Work request: Verbatim repeat, images excluded. Give each entry again as written.

━━ Material supplied

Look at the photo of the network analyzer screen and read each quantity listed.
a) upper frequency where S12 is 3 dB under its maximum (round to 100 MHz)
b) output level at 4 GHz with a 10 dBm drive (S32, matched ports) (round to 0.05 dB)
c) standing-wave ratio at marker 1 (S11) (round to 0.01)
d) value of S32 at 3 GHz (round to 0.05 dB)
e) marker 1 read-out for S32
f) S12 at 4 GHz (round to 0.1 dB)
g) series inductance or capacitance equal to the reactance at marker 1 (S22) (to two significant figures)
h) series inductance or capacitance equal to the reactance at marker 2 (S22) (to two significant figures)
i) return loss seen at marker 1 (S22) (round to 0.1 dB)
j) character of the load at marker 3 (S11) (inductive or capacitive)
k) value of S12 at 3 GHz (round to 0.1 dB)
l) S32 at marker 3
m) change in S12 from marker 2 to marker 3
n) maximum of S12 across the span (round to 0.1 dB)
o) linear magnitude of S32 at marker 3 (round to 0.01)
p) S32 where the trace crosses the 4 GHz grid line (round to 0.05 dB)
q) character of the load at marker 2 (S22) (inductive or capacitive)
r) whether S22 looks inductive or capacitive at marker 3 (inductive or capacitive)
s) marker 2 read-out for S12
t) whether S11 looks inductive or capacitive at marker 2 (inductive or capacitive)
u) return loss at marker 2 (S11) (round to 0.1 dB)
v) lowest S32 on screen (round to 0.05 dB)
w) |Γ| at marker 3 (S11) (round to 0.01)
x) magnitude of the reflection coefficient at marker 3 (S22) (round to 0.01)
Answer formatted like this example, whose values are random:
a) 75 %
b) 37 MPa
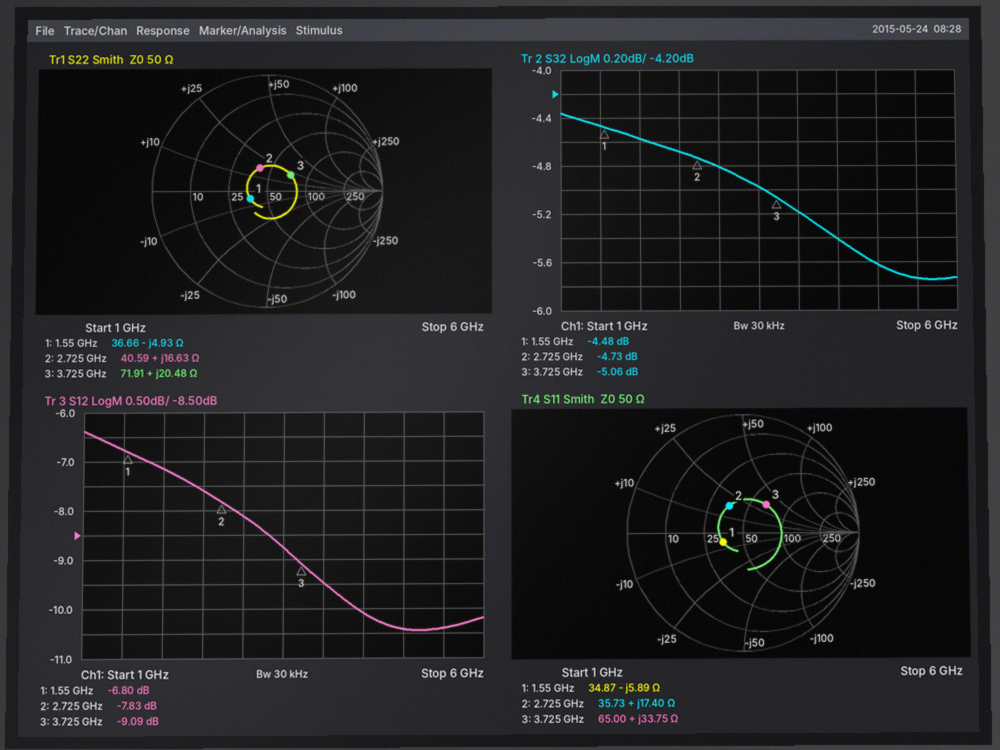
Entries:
a) 3.9 GHz
b) 4.80 dBm
c) 1.47
d) -4.80 dB
e) -4.48 dB
f) -9.5 dB
g) 21 pF
h) 970 pH
i) 15.7 dB
j) inductive
k) -8.1 dB
l) -5.06 dB
m) -1.26 dB
n) -6.4 dB
o) 0.56
p) -5.20 dB
q) inductive
r) inductive
s) -7.83 dB
t) inductive
u) 11.8 dB
v) -5.75 dB
w) 0.31
x) 0.24

━━━━

Completed task:
Look at the photo of the network analyzer screen and read each quantity listed.
a) upper frequency where S12 is 3 dB under its maximum (round to 100 MHz)
b) output level at 4 GHz with a 10 dBm drive (S32, matched ports) (round to 0.05 dB)
c) standing-wave ratio at marker 1 (S11) (round to 0.01)
d) value of S32 at 3 GHz (round to 0.05 dB)
e) marker 1 read-out for S32
f) S12 at 4 GHz (round to 0.1 dB)
g) series inductance or capacitance equal to the reactance at marker 1 (S22) (to two significant figures)
h) series inductance or capacitance equal to the reactance at marker 2 (S22) (to two significant figures)
i) return loss seen at marker 1 (S22) (round to 0.1 dB)
j) character of the load at marker 3 (S11) (inductive or capacitive)
k) value of S12 at 3 GHz (round to 0.1 dB)
l) S32 at marker 3
m) change in S12 from marker 2 to marker 3
n) maximum of S12 across the span (round to 0.1 dB)
o) linear magnitude of S32 at marker 3 (round to 0.01)
p) S32 where the trace crosses the 4 GHz grid line (round to 0.05 dB)
q) character of the load at marker 2 (S22) (inductive or capacitive)
r) whether S22 looks inductive or capacitive at marker 3 (inductive or capacitive)
s) marker 2 read-out for S12
t) whether S11 looks inductive or capacitive at marker 2 (inductive or capacitive)
u) return loss at marker 2 (S11) (round to 0.1 dB)
v) lowest S32 on screen (round to 0.05 dB)
w) |Γ| at marker 3 (S11) (round to 0.01)
x) magnitude of the reflection coefficient at marker 3 (S22) (round to 0.01)
Answer formatted like this example, whose values are random:
a) 75 %
b) 37 MPa
Entries:
a) 3.9 GHz
b) 4.80 dBm
c) 1.47
d) -4.80 dB
e) -4.48 dB
f) -9.5 dB
g) 21 pF
h) 970 pH
i) 15.7 dB
j) inductive
k) -8.1 dB
l) -5.06 dB
m) -1.26 dB
n) -6.4 dB
o) 0.56
p) -5.20 dB
q) inductive
r) inductive
s) -7.83 dB
t) inductive
u) 11.8 dB
v) -5.75 dB
w) 0.31
x) 0.24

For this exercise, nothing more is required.